Nota de actualidad | Por: María Camila Méndez | 12/10/2022
Aquí en esto uno tiene que tener sangre de gallina
Alberto Florián
Mi nombre es Alberto Florián, tengo 70 años, soy del municipio de Malambo. Me gradué del bachillerato en el 78, de un colegio de acá de Barranquilla. Mis padres eran campesinos de Malambo, trabajaron la tierra. Mi papá fue jornalero y mi mamá trabajó la alfarería, sacaba el barro de la Ciénaga de Malambo. En mi familia fuimos nueve hermanos. Casi todos mis hermanos hemos trabajado aquí en el mercado, pero ahora solo quedamos trabajando dos.
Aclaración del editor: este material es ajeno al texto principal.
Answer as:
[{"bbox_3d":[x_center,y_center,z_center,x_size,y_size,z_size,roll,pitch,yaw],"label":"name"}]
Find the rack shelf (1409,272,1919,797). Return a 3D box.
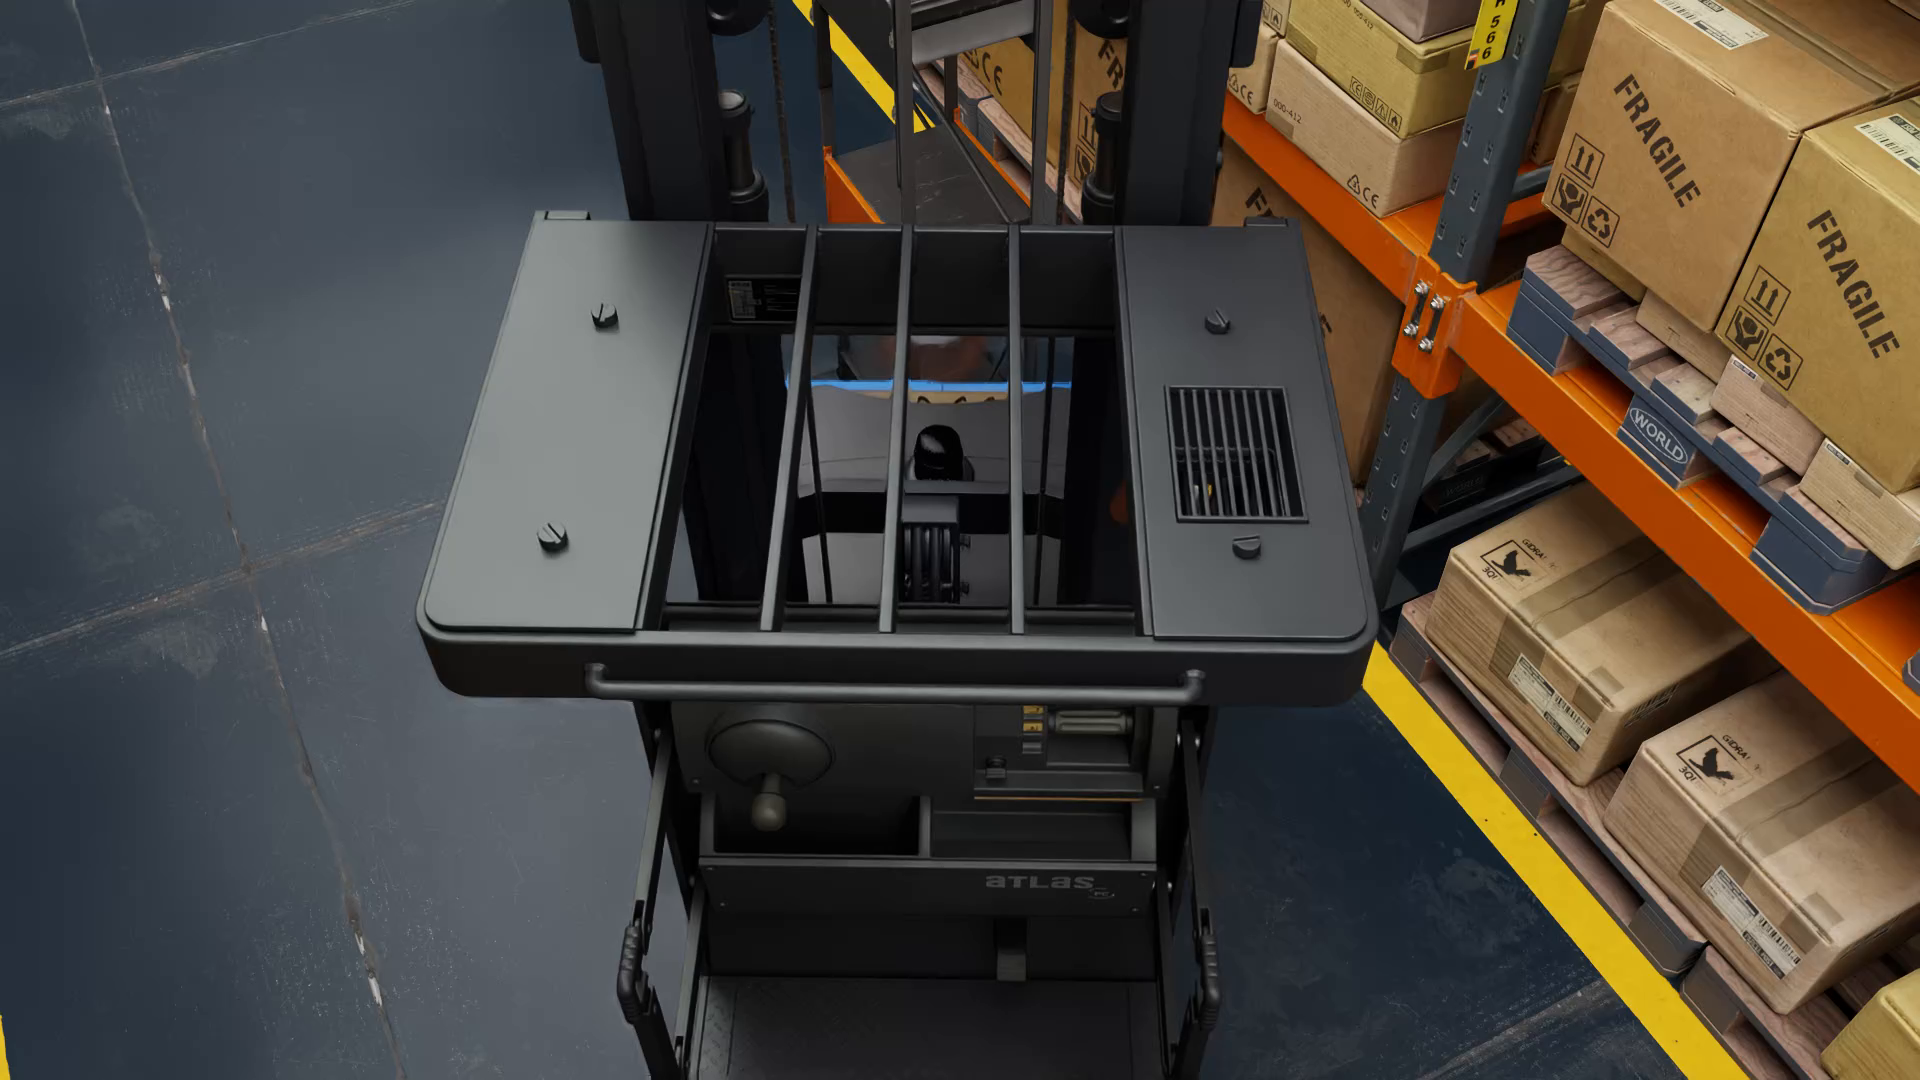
[{"bbox_3d":[2.541,0.625,3.188,1.077,0.370,4.000,-21,52,-18],"label":"rack shelf"}]

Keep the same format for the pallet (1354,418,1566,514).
[{"bbox_3d":[1.332,-0.586,5.622,1.003,0.211,1.213,-21,52,-18],"label":"pallet"}]

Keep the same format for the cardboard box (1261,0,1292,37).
[{"bbox_3d":[0.941,-1.644,4.463,0.500,0.250,0.500,-22,53,-18],"label":"cardboard box"}]

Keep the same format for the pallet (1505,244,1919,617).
[{"bbox_3d":[2.047,-0.447,3.775,1.213,0.211,1.003,-21,52,-18],"label":"pallet"}]

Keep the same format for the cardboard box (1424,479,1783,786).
[{"bbox_3d":[1.876,0.158,4.586,0.950,0.372,0.625,-24,53,-20],"label":"cardboard box"}]

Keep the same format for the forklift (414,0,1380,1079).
[{"bbox_3d":[-0.066,0.446,2.913,1.130,2.935,3.031,1,49,1],"label":"forklift"}]

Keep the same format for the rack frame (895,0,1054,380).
[{"bbox_3d":[0.036,-0.639,4.414,0.400,2.100,0.015,-21,52,-18],"label":"rack frame"}]

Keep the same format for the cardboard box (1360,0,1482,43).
[{"bbox_3d":[1.157,-1.568,3.898,0.500,0.500,0.500,-22,53,-18],"label":"cardboard box"}]

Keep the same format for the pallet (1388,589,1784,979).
[{"bbox_3d":[1.982,0.491,4.680,1.003,0.211,1.213,-21,52,-18],"label":"pallet"}]

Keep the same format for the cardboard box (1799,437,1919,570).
[{"bbox_3d":[1.901,-0.133,3.262,0.380,0.149,0.250,-21,52,-17],"label":"cardboard box"}]

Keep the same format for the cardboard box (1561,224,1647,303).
[{"bbox_3d":[1.610,-0.724,3.778,0.380,0.149,0.250,-24,53,-20],"label":"cardboard box"}]

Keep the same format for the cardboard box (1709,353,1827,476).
[{"bbox_3d":[1.793,-0.324,3.429,0.380,0.149,0.250,-24,53,-20],"label":"cardboard box"}]

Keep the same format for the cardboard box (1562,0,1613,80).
[{"bbox_3d":[1.614,-1.490,4.328,0.500,0.250,0.500,-22,52,-18],"label":"cardboard box"}]

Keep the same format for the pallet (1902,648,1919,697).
[{"bbox_3d":[2.568,0.424,3.014,1.003,0.211,1.213,-21,52,-18],"label":"pallet"}]

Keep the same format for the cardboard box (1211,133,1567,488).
[{"bbox_3d":[1.384,-0.880,5.159,0.875,0.875,0.875,-22,52,-18],"label":"cardboard box"}]

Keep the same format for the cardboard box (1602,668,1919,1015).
[{"bbox_3d":[2.221,0.649,4.156,0.950,0.372,0.625,-22,52,-18],"label":"cardboard box"}]

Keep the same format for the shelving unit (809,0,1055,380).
[{"bbox_3d":[-0.076,-0.802,4.557,0.431,2.100,0.503,-21,52,-18],"label":"shelving unit"}]

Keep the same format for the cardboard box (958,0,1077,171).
[{"bbox_3d":[0.571,-2.077,6.206,0.875,0.875,0.875,-20,52,-16],"label":"cardboard box"}]

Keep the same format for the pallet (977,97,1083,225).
[{"bbox_3d":[0.778,-1.401,6.335,1.003,0.211,1.213,-21,52,-18],"label":"pallet"}]

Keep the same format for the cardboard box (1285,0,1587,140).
[{"bbox_3d":[1.179,-1.302,4.164,0.500,0.250,0.500,-21,52,-18],"label":"cardboard box"}]

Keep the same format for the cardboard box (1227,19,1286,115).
[{"bbox_3d":[0.916,-1.486,4.657,0.500,0.250,0.500,-20,52,-17],"label":"cardboard box"}]

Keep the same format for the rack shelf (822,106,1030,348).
[{"bbox_3d":[-0.076,-0.793,4.567,0.431,0.518,0.480,-21,52,-18],"label":"rack shelf"}]

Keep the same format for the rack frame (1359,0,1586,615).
[{"bbox_3d":[1.626,-0.950,4.088,1.000,3.000,0.127,-21,52,-18],"label":"rack frame"}]

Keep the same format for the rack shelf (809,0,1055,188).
[{"bbox_3d":[-0.076,-1.254,4.040,0.431,0.518,0.480,-21,52,-18],"label":"rack shelf"}]

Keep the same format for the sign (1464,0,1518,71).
[{"bbox_3d":[1.134,-1.138,3.483,0.100,0.325,0.005,-21,52,-18],"label":"sign"}]

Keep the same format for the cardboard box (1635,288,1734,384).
[{"bbox_3d":[1.709,-0.523,3.603,0.380,0.149,0.250,-24,53,-20],"label":"cardboard box"}]

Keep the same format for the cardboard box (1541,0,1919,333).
[{"bbox_3d":[1.626,-0.838,3.447,0.500,0.500,0.500,-23,53,-19],"label":"cardboard box"}]

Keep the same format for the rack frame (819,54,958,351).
[{"bbox_3d":[-0.187,-0.965,4.699,0.400,2.100,0.015,-21,52,-18],"label":"rack frame"}]

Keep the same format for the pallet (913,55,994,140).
[{"bbox_3d":[0.216,-2.219,7.050,1.003,0.211,1.213,-21,52,-18],"label":"pallet"}]

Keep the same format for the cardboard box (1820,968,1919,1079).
[{"bbox_3d":[2.563,1.159,3.710,0.950,0.372,0.625,-20,52,-16],"label":"cardboard box"}]

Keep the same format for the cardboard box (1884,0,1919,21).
[{"bbox_3d":[2.081,-1.011,3.598,0.500,0.500,0.500,-23,53,-19],"label":"cardboard box"}]

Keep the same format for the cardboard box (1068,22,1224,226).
[{"bbox_3d":[0.980,-1.478,5.683,0.875,0.875,0.875,-21,52,-17],"label":"cardboard box"}]

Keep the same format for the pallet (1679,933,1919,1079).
[{"bbox_3d":[2.537,1.307,3.967,1.003,0.211,1.213,-21,52,-18],"label":"pallet"}]

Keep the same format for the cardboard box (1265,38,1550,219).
[{"bbox_3d":[1.164,-1.150,4.363,0.500,0.250,0.500,-23,53,-19],"label":"cardboard box"}]

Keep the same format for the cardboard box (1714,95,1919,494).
[{"bbox_3d":[1.871,-0.492,3.145,0.500,0.500,0.500,-19,51,-16],"label":"cardboard box"}]

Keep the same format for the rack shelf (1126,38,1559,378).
[{"bbox_3d":[0.711,-2.052,5.530,1.077,0.370,4.000,-21,52,-18],"label":"rack shelf"}]

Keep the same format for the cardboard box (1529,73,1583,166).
[{"bbox_3d":[1.626,-1.315,4.507,0.500,0.250,0.500,-22,52,-18],"label":"cardboard box"}]

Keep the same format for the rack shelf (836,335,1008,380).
[{"bbox_3d":[-0.076,-0.332,5.094,0.431,0.518,0.480,-21,52,-18],"label":"rack shelf"}]

Este negocio fue una herencia que mis padres dejaron. Después de que mi padre se retiró de su trabajo en las labores del campo, buscó qué hacer y él y mi mamá se vinieron para acá y comenzaron a laborar los dos. Cuando mis hermanos y yo salíamos del colegio en Malambo, cuando todavía estábamos haciendo la primaria, nos veníamos para acá a ayudar. Desde siempre, mis papás se dedicaron a vender fríjoles, porque eso era de lo que más se daba en el campo. Unas veces le compraban los fríjoles a un vecino que cultivaba cerca a la casa donde vivíamos. En ese tiempo, lo que había acá, en este lugar, era como una especie del Playón, un espacio grande, hasta el otro sector de la calle 43B. La gente trabajaba en unas mesas, otros tiraban al suelo su mercado para ofrecerlo en unos sacos. Lo que sí había eran como unas bodegas de naranja, donde se almacenaban la naranja y las patillas. En la madrugada todo el mundo sacaba sus negocios por partes. Así era La Magola. Después fueron haciendo quioscos, fue desapareciendo eso del piso, ya todo el mundo se fue organizando, fue la misma gente que empezó a poner techo para la lluvia, a organizar los pasillos.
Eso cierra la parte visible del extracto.